━━ Material provided ━━

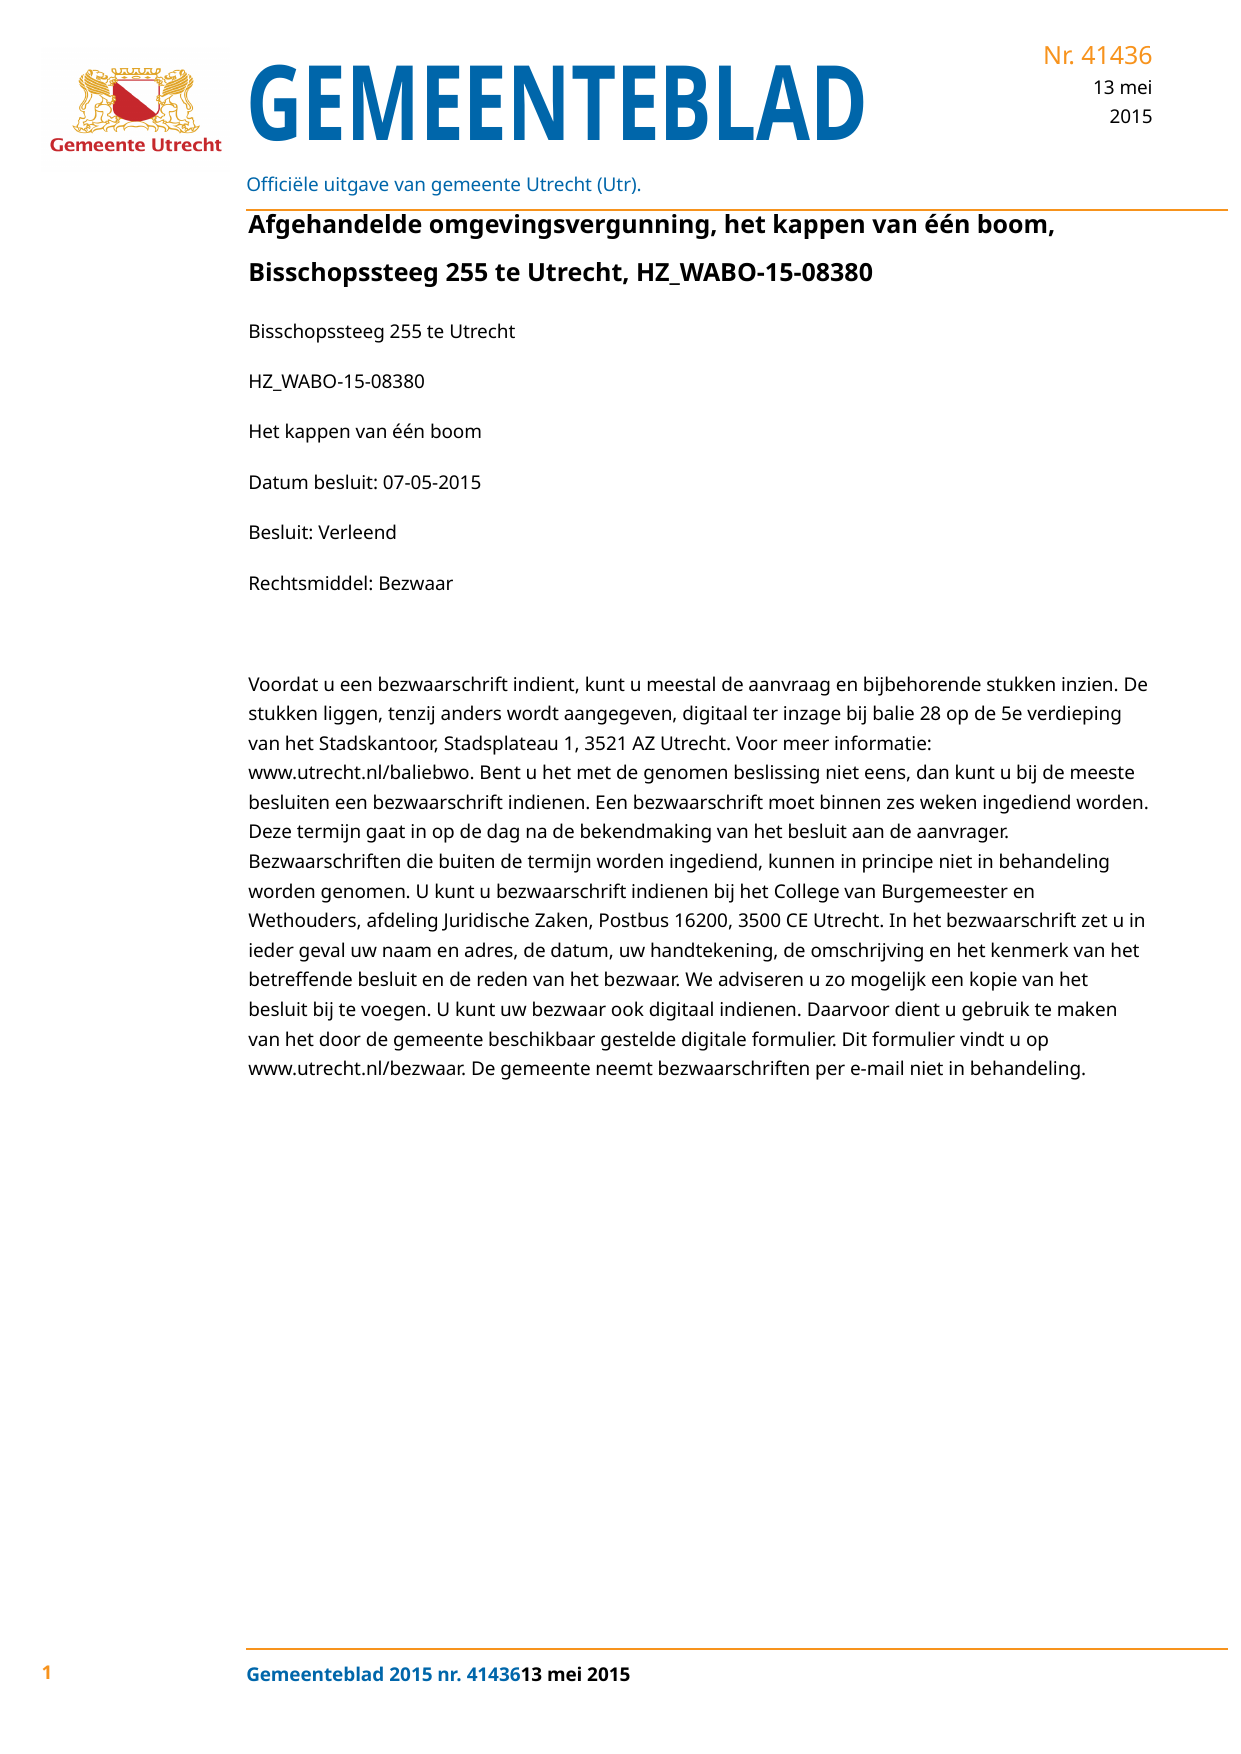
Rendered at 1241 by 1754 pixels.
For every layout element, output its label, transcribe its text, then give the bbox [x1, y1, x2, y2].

picture [41, 47, 231, 172]
text Bisschopssteeg 255 te Utrecht [248, 318, 1152, 344]
text Datum besluit: 07-05-2015 [248, 469, 1152, 495]
text Het kappen van één boom [248, 419, 1152, 444]
text HZ_WABO-15-08380 [248, 368, 1152, 394]
text Rechtsmiddel: Bezwaar [248, 570, 1152, 596]
text Voordat u een bezwaarschrift indient, kunt u meestal de aanvraag en bijbehorende stukken inzien. De stukken liggen, tenzij anders wordt aangegeven, digitaal ter inzage bij balie 28 op de 5e verdieping van het Stadskantoor, Stadsplateau 1, 3521 AZ Utrecht. Voor meer informatie: www.utrecht.nl/baliebwo. Bent u het met de genomen beslissing niet eens, dan kunt u bij de meeste besluiten een bezwaarschrift indienen. Een bezwaarschrift moet binnen zes weken ingediend worden. Deze termijn gaat in op de dag na de bekendmaking van het besluit aan de aanvrager. Bezwaarschriften die buiten de termijn worden ingediend, kunnen in principe niet in behandeling worden genomen. U kunt u bezwaarschrift indienen bij het College van Burgemeester en Wethouders, afdeling Juridische Zaken, Postbus 16200, 3500 CE Utrecht. In het bezwaarschrift zet u in ieder geval uw naam en adres, de datum, uw handtekening, de omschrijving en het kenmerk van het betreffende besluit en de reden van het bezwaar. We adviseren u zo mogelijk een kopie van het besluit bij te voegen. U kunt uw bezwaar ook digitaal indienen. Daarvoor dient u gebruik te maken van het door de gemeente beschikbaar gestelde digitale formulier. Dit formulier vindt u op www.utrecht.nl/bezwaar. De gemeente neemt bezwaarschriften per e-mail niet in behandeling. [248, 671, 1152, 1081]
text Besluit: Verleend [248, 519, 1152, 545]
text Afgehandelde omgevingsvergunning, het kappen van één boom, Bisschopssteeg 255 te Utrecht, HZ_WABO-15-08380 [248, 211, 1152, 288]
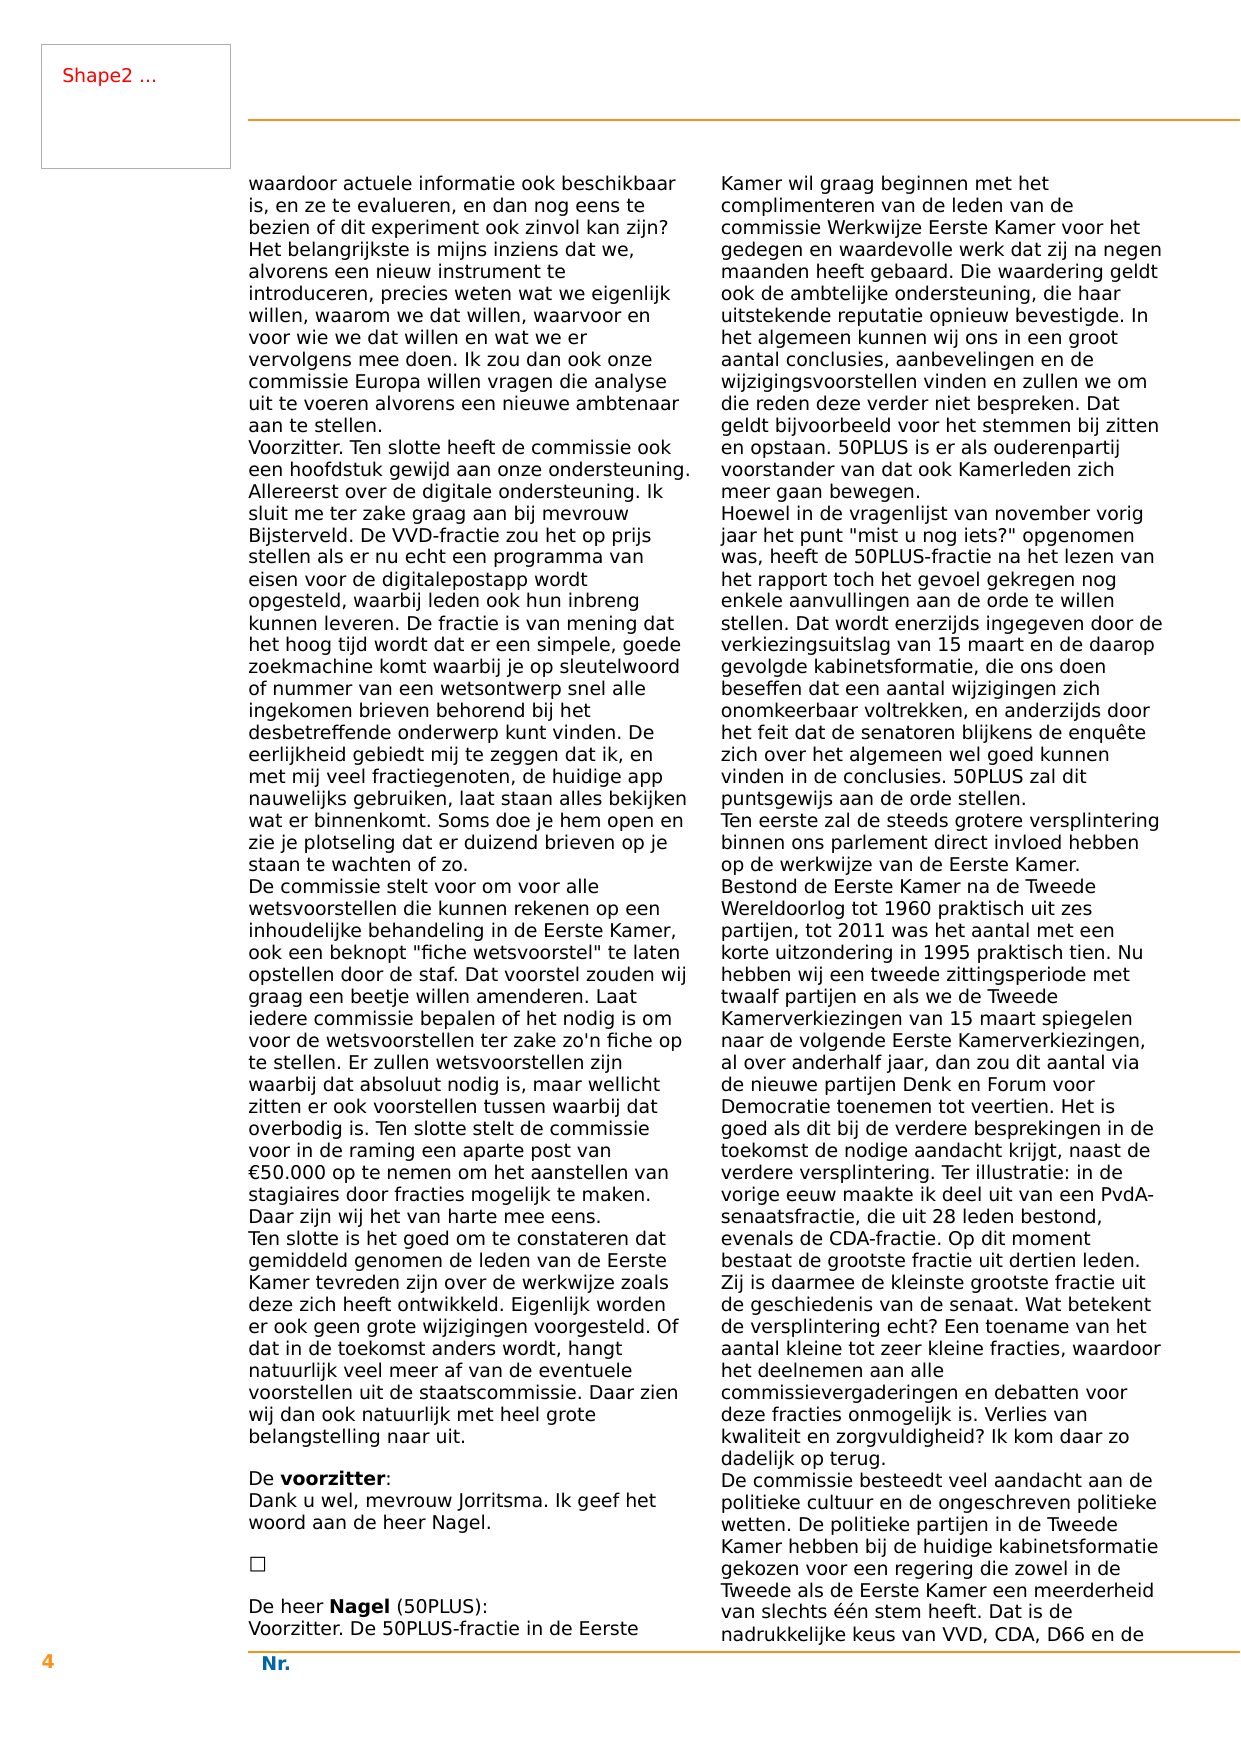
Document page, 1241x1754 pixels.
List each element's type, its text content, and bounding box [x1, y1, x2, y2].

text Voorzitter. Ten slotte heeft de commissie ook een hoofdstuk gewijd aan onze ondersteuning. Allereerst over de digitale ondersteuning. Ik sluit me ter zake graag aan bij mevrouw Bijsterveld. De VVD-fractie zou het op prijs stellen als er nu echt een programma van eisen voor de digitalepostapp wordt opgesteld, waarbij leden ook hun inbreng kunnen leveren. De fractie is van mening dat het hoog tijd wordt dat er een simpele, goede zoekmachine komt waarbij je op sleutelwoord of nummer van een wetsontwerp snel alle ingekomen brieven behorend bij het desbetreffende onderwerp kunt vinden. De eerlijkheid gebiedt mij te zeggen dat ik, en met mij veel fractiegenoten, de huidige app nauwelijks gebruiken, laat staan alles bekijken wat er binnenkomt. Soms doe je hem open en zie je plotseling dat er duizend brieven op je staan te wachten of zo. [248, 437, 691, 876]
text waardoor actuele informatie ook beschikbaar is, en ze te evalueren, en dan nog eens te bezien of dit experiment ook zinvol kan zijn? Het belangrijkste is mijns inziens dat we, alvorens een nieuw instrument te introduceren, precies weten wat we eigenlijk willen, waarom we dat willen, waarvoor en voor wie we dat willen en wat we er vervolgens mee doen. Ik zou dan ook onze commissie Europa willen vragen die analyse uit te voeren alvorens een nieuwe ambtenaar aan te stellen. [248, 173, 691, 437]
text De heer Nagel (50PLUS): [248, 1596, 691, 1617]
text ⬜ [248, 1553, 691, 1576]
text Hoewel in de vragenlijst van november vorig jaar het punt "mist u nog iets?" opgenomen was, heeft de 50PLUS-fractie na het lezen van het rapport toch het gevoel gekregen nog enkele aanvullingen aan de orde te willen stellen. Dat wordt enerzijds ingegeven door de verkiezingsuitslag van 15 maart en de daarop gevolgde kabinetsformatie, die ons doen beseffen dat een aantal wijzigingen zich onomkeerbaar voltrekken, en anderzijds door het feit dat de senatoren blijkens de enquête zich over het algemeen wel goed kunnen vinden in de conclusies. 50PLUS zal dit puntsgewijs aan de orde stellen. [721, 502, 1163, 810]
text Ten eerste zal de steeds grotere versplintering binnen ons parlement direct invloed hebben op de werkwijze van de Eerste Kamer. Bestond de Eerste Kamer na de Tweede Wereldoorlog tot 1960 praktisch uit zes partijen, tot 2011 was het aantal met een korte uitzondering in 1995 praktisch tien. Nu hebben wij een tweede zittingsperiode met twaalf partijen en als we de Tweede Kamerverkiezingen van 15 maart spiegelen naar de volgende Eerste Kamerverkiezingen, al over anderhalf jaar, dan zou dit aantal via de nieuwe partijen Denk en Forum voor Democratie toenemen tot veertien. Het is goed als dit bij de verdere besprekingen in de toekomst de nodige aandacht krijgt, naast de verdere versplintering. Ter illustratie: in de vorige eeuw maakte ik deel uit van een PvdA-senaatsfractie, die uit 28 leden bestond, evenals de CDA-fractie. Op dit moment bestaat de grootste fractie uit dertien leden. Zij is daarmee de kleinste grootste fractie uit de geschiedenis van de senaat. Wat betekent de versplintering echt? Een toename van het aantal kleine tot zeer kleine fracties, waardoor het deelnemen aan alle commissievergaderingen en debatten voor deze fracties onmogelijk is. Verlies van kwaliteit en zorgvuldigheid? Ik kom daar zo dadelijk op terug. [721, 810, 1163, 1469]
text De commissie besteedt veel aandacht aan de politieke cultuur en de ongeschreven politieke wetten. De politieke partijen in de Tweede Kamer hebben bij de huidige kabinetsformatie gekozen voor een regering die zowel in de Tweede als de Eerste Kamer een meerderheid van slechts één stem heeft. Dat is de nadrukkelijke keus van VVD, CDA, D66 en de [721, 1469, 1163, 1645]
text Dank u wel, mevrouw Jorritsma. Ik geef het woord aan de heer Nagel. [248, 1489, 691, 1533]
text Ten slotte is het goed om te constateren dat gemiddeld genomen de leden van de Eerste Kamer tevreden zijn over de werkwijze zoals deze zich heeft ontwikkeld. Eigenlijk worden er ook geen grote wijzigingen voorgesteld. Of dat in de toekomst anders wordt, hangt natuurlijk veel meer af van de eventuele voorstellen uit de staatscommissie. Daar zien wij dan ook natuurlijk met heel grote belangstelling naar uit. [248, 1228, 691, 1448]
text Voorzitter. De 50PLUS-fractie in de Eerste [248, 1617, 691, 1639]
text De commissie stelt voor om voor alle wetsvoorstellen die kunnen rekenen op een inhoudelijke behandeling in de Eerste Kamer, ook een beknopt "fiche wetsvoorstel" te laten opstellen door de staf. Dat voorstel zouden wij graag een beetje willen amenderen. Laat iedere commissie bepalen of het nodig is om voor de wetsvoorstellen ter zake zo'n fiche op te stellen. Er zullen wetsvoorstellen zijn waarbij dat absoluut nodig is, maar wellicht zitten er ook voorstellen tussen waarbij dat overbodig is. Ten slotte stelt de commissie voor in de raming een aparte post van €50.000 op te nemen om het aanstellen van stagiaires door fracties mogelijk te maken. Daar zijn wij het van harte mee eens. [248, 876, 691, 1228]
text De voorzitter: [248, 1468, 691, 1489]
text Kamer wil graag beginnen met het complimenteren van de leden van de commissie Werkwijze Eerste Kamer voor het gedegen en waardevolle werk dat zij na negen maanden heeft gebaard. Die waardering geldt ook de ambtelijke ondersteuning, die haar uitstekende reputatie opnieuw bevestigde. In het algemeen kunnen wij ons in een groot aantal conclusies, aanbevelingen en de wijzigingsvoorstellen vinden en zullen we om die reden deze verder niet bespreken. Dat geldt bijvoorbeeld voor het stemmen bij zitten en opstaan. 50PLUS is er als ouderenpartij voorstander van dat ook Kamerleden zich meer gaan bewegen. [721, 173, 1163, 502]

━━━

*What you will do*: When you reach the line in the material above that holds "List each element's", begin reproducing lines exactly, and stop after the line that holds "text Voorzitter. Ten".

*Completed exercise*:
List each element's type, its text content, and bounding box [x1, y1, x2, y2].

text Voorzitter. Ten slotte heeft de commissie ook een hoofdstuk gewijd aan onze ondersteuning. Allereerst over de digitale ondersteuning. Ik sluit me ter zake graag aan bij mevrouw Bijsterveld. De VVD-fractie zou het op prijs stellen als er nu echt een programma van eisen voor de digitalepostapp wordt opgesteld, waarbij leden ook hun inbreng kunnen leveren. De fractie is van mening dat het hoog tijd wordt dat er een simpele, goede zoekmachine komt waarbij je op sleutelwoord of nummer van een wetsontwerp snel alle ingekomen brieven behorend bij het desbetreffende onderwerp kunt vinden. De eerlijkheid gebiedt mij te zeggen dat ik, en met mij veel fractiegenoten, de huidige app nauwelijks gebruiken, laat staan alles bekijken wat er binnenkomt. Soms doe je hem open en zie je plotseling dat er duizend brieven op je staan te wachten of zo. [248, 437, 691, 876]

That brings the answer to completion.